# Picnic Trials



## GoldenSail (Dec 30, 2008)

Has anyone ever been to one of these? What are they like? If you were a newbie would you run in Open, Qualifying, or Derby? 

There's a local club near me that is more field trial focused that is starting up their training days this weekend with a picnic trial. They say they will modify the test for hunt testers and that you can either run competitively or run it as a training set-up. I am not sure I will be able to make this one (still working on car, ugh), but maybe another one in the future.


----------



## K9-Design (Jan 18, 2009)

Jax RC just held one a few weeks ago, a lot of fun. What they did was use one set up for derby & qual and another for open. The open setup was BIG. Fisher totally flopped.
The qual/derby was very do-able and the qual setup on land was roughly a big master test, the water was much easier for a MH level dog. (More like a senior test.) Anyways, a lot of fun! Good training opportunity. At ours you could run with a collar and get help or modify the test as needed.


----------



## gdgli (Aug 24, 2011)

Contact the club and find out what they plan to do. A picnic trial does not have to be like a regular field trial. Our own club is resurrecting the Gundog Stakes. My understanding is that we may be having one a month.


----------



## gdgli (Aug 24, 2011)

K9-Design said:


> Jax RC just held one a few weeks ago, a lot of fun. What they did was use one set up for derby & qual and another for open. The open setup was BIG. Fisher totally flopped.
> The qual/derby was very do-able and the qual setup on land was roughly a big master test, the water was much easier for a MH level dog. (More like a senior test.) Anyways, a lot of fun! Good training opportunity. At ours you could run with a collar and get help or modify the test as needed.


I agree---a great training opportunity for handlers and judges. These used to be common back when I first started but hard to find recently.


----------



## Tatnall (May 20, 2008)

We ran one a few weeks ago. They had classes for puppies, novice dogs (not yet a SH), gun dogs (not yet a MH), open gun dogs (no FT placements or JAMs) and Amateur age. My wife ran the golden and won the gun dog stake. She was very proud and got a blue ribbon and a big trophy for a year. I only got a JAM in the AA stake with the black critter, so the wife and fluffie are talking smack.

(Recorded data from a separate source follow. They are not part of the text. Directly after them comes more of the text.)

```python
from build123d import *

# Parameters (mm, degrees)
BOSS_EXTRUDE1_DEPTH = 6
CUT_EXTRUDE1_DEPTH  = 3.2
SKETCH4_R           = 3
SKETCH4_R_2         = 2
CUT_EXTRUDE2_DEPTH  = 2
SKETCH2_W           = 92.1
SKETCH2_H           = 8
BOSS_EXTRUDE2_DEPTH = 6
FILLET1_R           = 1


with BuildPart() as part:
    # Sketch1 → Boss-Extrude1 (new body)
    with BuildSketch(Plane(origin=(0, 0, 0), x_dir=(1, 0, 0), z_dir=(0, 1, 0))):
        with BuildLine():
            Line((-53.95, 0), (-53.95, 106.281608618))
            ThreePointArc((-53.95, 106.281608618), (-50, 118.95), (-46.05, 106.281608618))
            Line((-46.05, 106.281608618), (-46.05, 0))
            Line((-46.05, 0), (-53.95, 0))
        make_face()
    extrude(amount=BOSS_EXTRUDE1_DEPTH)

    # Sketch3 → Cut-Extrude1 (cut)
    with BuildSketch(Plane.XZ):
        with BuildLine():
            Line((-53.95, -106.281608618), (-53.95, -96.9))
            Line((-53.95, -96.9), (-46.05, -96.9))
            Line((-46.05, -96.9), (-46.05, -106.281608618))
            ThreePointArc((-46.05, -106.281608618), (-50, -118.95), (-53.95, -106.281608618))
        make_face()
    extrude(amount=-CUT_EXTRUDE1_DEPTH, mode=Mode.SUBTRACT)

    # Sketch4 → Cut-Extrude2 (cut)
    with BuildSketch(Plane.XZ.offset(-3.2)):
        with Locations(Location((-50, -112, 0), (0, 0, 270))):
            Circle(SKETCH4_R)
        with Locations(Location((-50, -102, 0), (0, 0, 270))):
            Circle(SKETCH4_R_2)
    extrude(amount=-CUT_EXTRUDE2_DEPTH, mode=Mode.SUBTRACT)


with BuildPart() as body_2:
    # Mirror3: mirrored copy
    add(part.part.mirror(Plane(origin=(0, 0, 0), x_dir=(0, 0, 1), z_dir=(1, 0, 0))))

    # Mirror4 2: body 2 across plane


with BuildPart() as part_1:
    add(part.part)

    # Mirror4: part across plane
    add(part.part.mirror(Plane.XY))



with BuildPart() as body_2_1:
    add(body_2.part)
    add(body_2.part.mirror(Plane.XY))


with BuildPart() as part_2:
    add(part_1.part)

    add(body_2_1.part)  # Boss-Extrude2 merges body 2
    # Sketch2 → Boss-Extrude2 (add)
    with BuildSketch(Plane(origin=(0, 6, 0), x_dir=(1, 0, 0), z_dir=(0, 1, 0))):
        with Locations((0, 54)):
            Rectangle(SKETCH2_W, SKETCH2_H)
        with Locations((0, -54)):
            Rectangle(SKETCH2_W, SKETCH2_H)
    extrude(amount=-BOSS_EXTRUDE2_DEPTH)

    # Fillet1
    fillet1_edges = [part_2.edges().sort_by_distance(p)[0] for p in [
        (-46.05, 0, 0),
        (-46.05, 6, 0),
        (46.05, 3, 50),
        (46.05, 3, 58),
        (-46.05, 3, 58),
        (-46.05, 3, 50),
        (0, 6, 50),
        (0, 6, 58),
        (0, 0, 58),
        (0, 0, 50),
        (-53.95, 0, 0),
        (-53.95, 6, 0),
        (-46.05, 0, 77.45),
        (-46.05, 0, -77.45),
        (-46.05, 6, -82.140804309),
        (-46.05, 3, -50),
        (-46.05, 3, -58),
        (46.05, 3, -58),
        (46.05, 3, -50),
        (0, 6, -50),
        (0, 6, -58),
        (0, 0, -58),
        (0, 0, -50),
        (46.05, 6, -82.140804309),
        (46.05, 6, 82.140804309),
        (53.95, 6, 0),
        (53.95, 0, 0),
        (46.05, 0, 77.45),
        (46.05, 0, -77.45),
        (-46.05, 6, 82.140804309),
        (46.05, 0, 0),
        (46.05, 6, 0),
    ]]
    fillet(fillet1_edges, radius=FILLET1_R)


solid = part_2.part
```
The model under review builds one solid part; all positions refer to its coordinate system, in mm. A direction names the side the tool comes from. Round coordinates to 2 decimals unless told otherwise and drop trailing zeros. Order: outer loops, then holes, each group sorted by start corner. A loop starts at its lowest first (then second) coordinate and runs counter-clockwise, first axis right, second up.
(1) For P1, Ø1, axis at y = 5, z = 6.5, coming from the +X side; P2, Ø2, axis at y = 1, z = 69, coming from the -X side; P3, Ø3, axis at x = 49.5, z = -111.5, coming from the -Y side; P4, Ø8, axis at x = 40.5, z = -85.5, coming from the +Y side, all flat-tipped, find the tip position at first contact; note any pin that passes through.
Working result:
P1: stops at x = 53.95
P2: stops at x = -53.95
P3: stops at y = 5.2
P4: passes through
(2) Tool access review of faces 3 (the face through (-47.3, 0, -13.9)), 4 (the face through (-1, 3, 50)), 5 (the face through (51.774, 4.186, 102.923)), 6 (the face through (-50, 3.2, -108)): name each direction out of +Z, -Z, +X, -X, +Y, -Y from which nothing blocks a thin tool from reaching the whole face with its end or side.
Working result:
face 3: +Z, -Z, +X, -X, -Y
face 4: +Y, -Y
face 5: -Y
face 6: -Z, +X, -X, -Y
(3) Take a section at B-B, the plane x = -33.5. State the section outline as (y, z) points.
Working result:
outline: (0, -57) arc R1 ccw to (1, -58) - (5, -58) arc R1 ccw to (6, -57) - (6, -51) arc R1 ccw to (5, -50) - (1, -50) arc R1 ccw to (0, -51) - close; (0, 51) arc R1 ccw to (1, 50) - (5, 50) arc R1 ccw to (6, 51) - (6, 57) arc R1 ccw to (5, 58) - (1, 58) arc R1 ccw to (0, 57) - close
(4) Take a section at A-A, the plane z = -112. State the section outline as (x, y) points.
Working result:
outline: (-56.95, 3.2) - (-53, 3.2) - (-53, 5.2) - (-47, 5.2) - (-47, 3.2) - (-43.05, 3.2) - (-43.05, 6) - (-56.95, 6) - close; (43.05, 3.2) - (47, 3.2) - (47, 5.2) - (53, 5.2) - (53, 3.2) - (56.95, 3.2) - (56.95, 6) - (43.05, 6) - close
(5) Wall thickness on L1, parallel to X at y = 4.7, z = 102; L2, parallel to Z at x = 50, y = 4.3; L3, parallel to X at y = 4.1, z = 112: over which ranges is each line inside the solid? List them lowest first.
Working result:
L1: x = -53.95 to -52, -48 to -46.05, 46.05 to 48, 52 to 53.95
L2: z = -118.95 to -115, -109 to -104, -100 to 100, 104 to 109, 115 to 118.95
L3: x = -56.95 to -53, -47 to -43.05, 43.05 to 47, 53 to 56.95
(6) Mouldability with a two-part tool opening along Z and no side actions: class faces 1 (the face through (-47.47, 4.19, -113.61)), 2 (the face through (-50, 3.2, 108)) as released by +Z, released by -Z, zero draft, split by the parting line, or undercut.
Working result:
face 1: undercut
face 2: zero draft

They are a great way to work on handling your dog in a trial/test atmosphere with very little pressure on the handler, which is why my wife was willing to step up and run.


----------



## sterregold (Dec 9, 2009)

Clubs in my area have picnic trials/tests all winter. They can be an excellent training opportunity as you will have holding blinds, an audience, "judges", and all of that stuff that is hard to replicate in a training group. In my area there is generally a HT setup and a FT setup for dual clubs, and the hunt-only or FT-only clubs may split it up based on level. HT stakes are run non-competitively most of the time, but often at the last one of the season we will get actual judges and they will grade the dog work so you know where you stand as to being test-ready. In the FT stakes, if you run with the collar on you are not running under judgement--no collar and they judge you for placements at the end of the day.


----------